Inútil nesta fase da pandemia voltar às longas discussões havidas tanto no Brasil quanto nos Estados Unidos – e, em parte, na Hungria de Orbán – sobre a necessidade de quarentena; quarentena horizontal, quarentena vertical... Discussões aparentemente técnicas, mas que tinham provavelmente o objetivo de desacreditar as medidas preventivas e de organização do combate à pandemia. Assim, ocorreu que medidas rígidas de isolamento não foram sistematicamente implantadas, o que fez com que, segundo alguns especialistas, a duração da pandemia fosse estendida e o número de contaminados maior. Com isso, a economia também acabou sendo afetada. O auxílio emergencial, que permite que também pessoas sem qualquer tipo de renda possam permanecer isoladas, no caso do Brasil, só começou a ser distribuído a partir de final de abril de 2020, depois de muitas negociações entre o governo e o Congresso.

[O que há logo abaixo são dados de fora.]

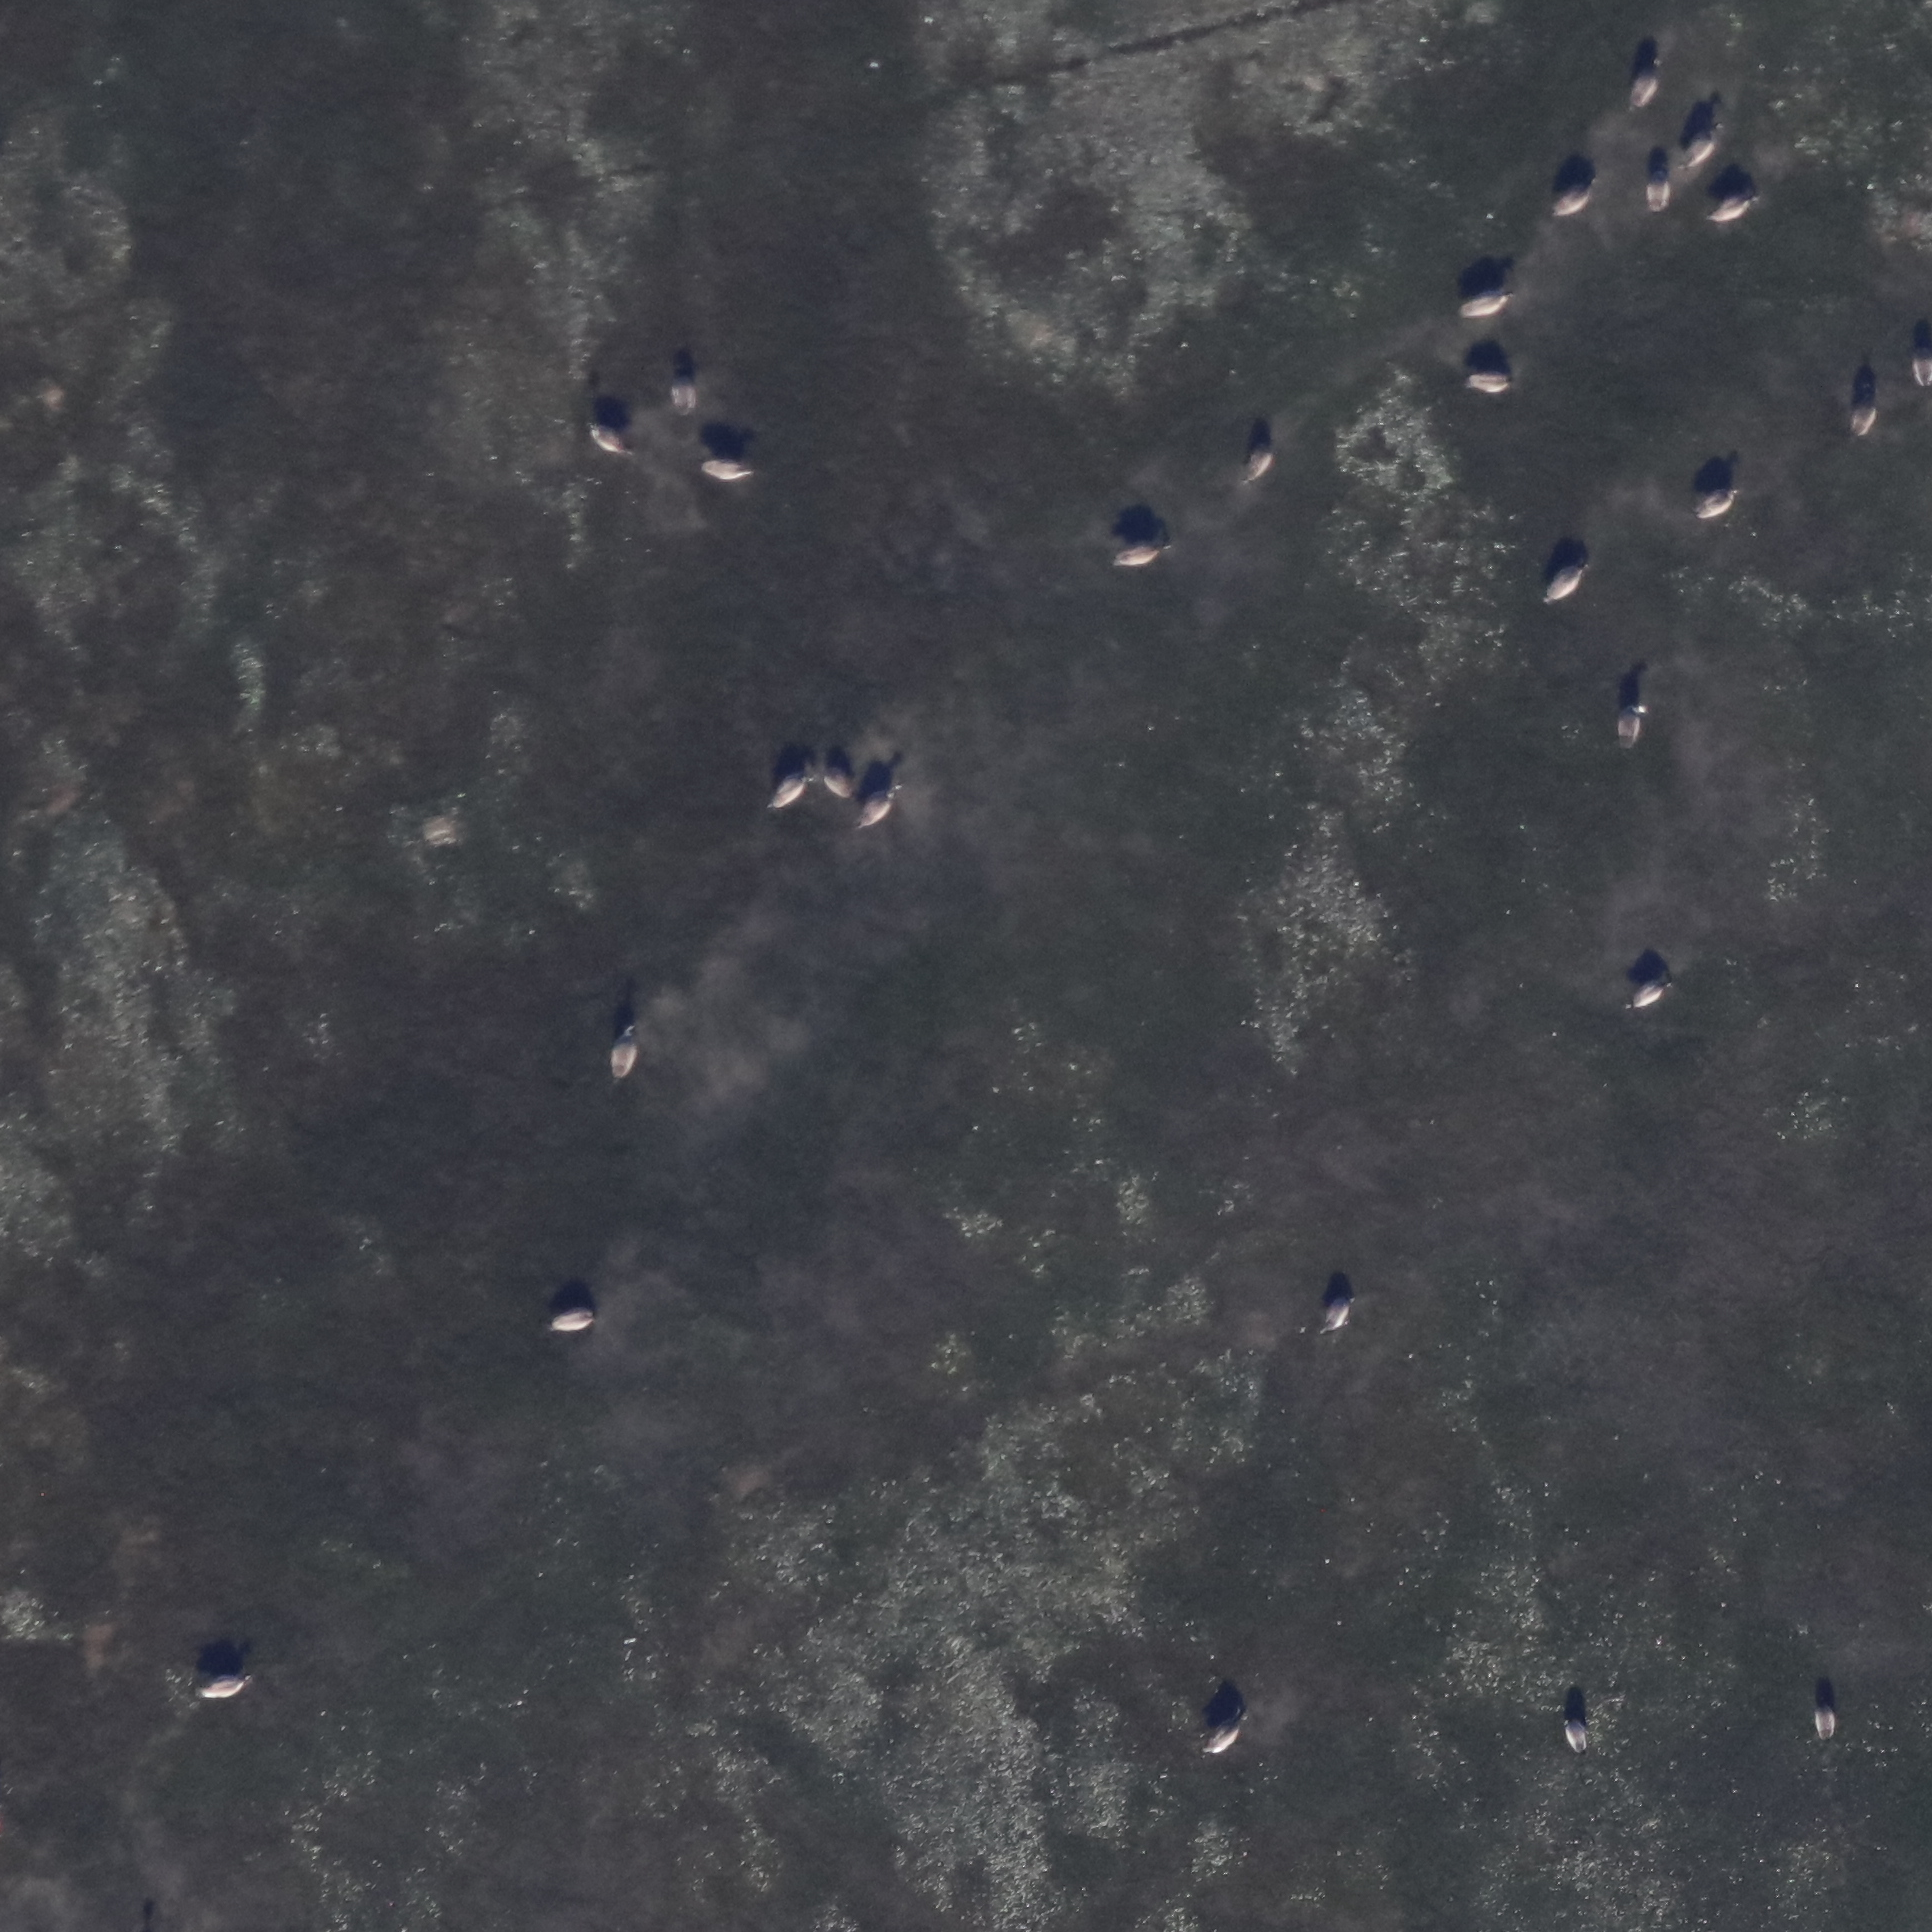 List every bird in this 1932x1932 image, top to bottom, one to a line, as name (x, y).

Canada goose (1644, 87)
Canada goose (1692, 152)
Canada goose (1662, 196)
Canada goose (1571, 201)
Canada goose (1733, 210)
Canada goose (1484, 307)
Canada goose (1925, 370)
Canada goose (1488, 381)
Canada goose (686, 394)
Canada goose (1861, 418)
Canada goose (611, 439)
Canada goose (1253, 465)
Canada goose (728, 469)
Canada goose (1714, 505)
Canada goose (1136, 554)
Canada goose (1564, 583)
Canada goose (1628, 727)
Canada goose (834, 784)
Canada goose (791, 791)
Canada goose (879, 807)
Canada goose (1648, 994)
Canada goose (625, 1055)
Canada goose (1339, 1312)
Canada goose (572, 1320)
Canada goose (227, 1686)
Canada goose (1824, 1721)
Canada goose (1220, 1737)
Canada goose (1576, 1740)

A partir de setembro os números de casos de infecção pelo coronavírus está caindo no Brasil. Em outros países da Europa, parece estar começando uma segunda onda de contaminação, depois que parte das atividades econômicas começaram a ser retomadas.

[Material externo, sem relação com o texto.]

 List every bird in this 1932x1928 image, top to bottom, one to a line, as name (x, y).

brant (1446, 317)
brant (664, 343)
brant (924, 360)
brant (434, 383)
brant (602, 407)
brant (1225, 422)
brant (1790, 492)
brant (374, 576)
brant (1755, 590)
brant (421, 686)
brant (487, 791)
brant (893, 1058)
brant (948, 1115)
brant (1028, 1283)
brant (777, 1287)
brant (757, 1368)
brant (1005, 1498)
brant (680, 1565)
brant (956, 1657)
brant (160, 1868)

A gradual normalização da situação, seja em seus aspectos políticos, econômicos, sociais e médicos, só virá com a disponibilidade de uma vacina. Mas, mesmo sobre este tema ainda pairam dúvidas, o que dá margem a muita desinformação e circulação de notícias falsas. Não se sabe ainda, por exemplo, quando a vacina estará disponível. Os mais otimistas já preveem possibilidades de imunização a partir de dezembro de 2020, outros durante o primeiro trimestre de 2021 e os mais pessimistas somente mais tarde. Também existem os grupos que dizem confiar somente na vacina de certo país ou empresa, como se para qualquer vacina não fosse mandatória a fase de testes, durante os quais é preciso atingir certos padrões de efetividade. Outros, querendo ser mais originais ainda, dizem que, seguindo as afirmações do presidente, “ninguém é obrigado a tomar vacina” e que não tomarão a vacina. Enfim, falta de informação, ausência de diretrizes, que deveriam ser estabelecidas pelo órgãos competentes, entre outras coisas.

Esta não foi a primeira e não será a última pandemia a afetar a humanidade. Cientistas já anteveem a chegada de novas pandemias viróticas, inevitáveis, segundo eles, dada a invasão e destruição de áreas selvagens remanescentes, forçando microrganismos a procurarem novos hospedeiros – animais domésticos, de abate e humanos.

Uma das lições que mais uma vez se confirma é que o desenvolvimento social e político não é uma constante na história humana; princípio válido também para a nossa Civilização Ocidental. Povos e nações podem retroceder à ignorância, à credulidade e ao fanatismo em pouco tempo. Já vimos isso no século XX e novamente agora, quando se repetem as estratégias de grupos que apostam na desinformação e no embrutecimento, tirando das pessoas sua capacidade de analisar os fatos com racionalidade e bom senso. A história não se repete, mas os impulsos dos grupos humanos, animais que somos, têm certa previsibilidade.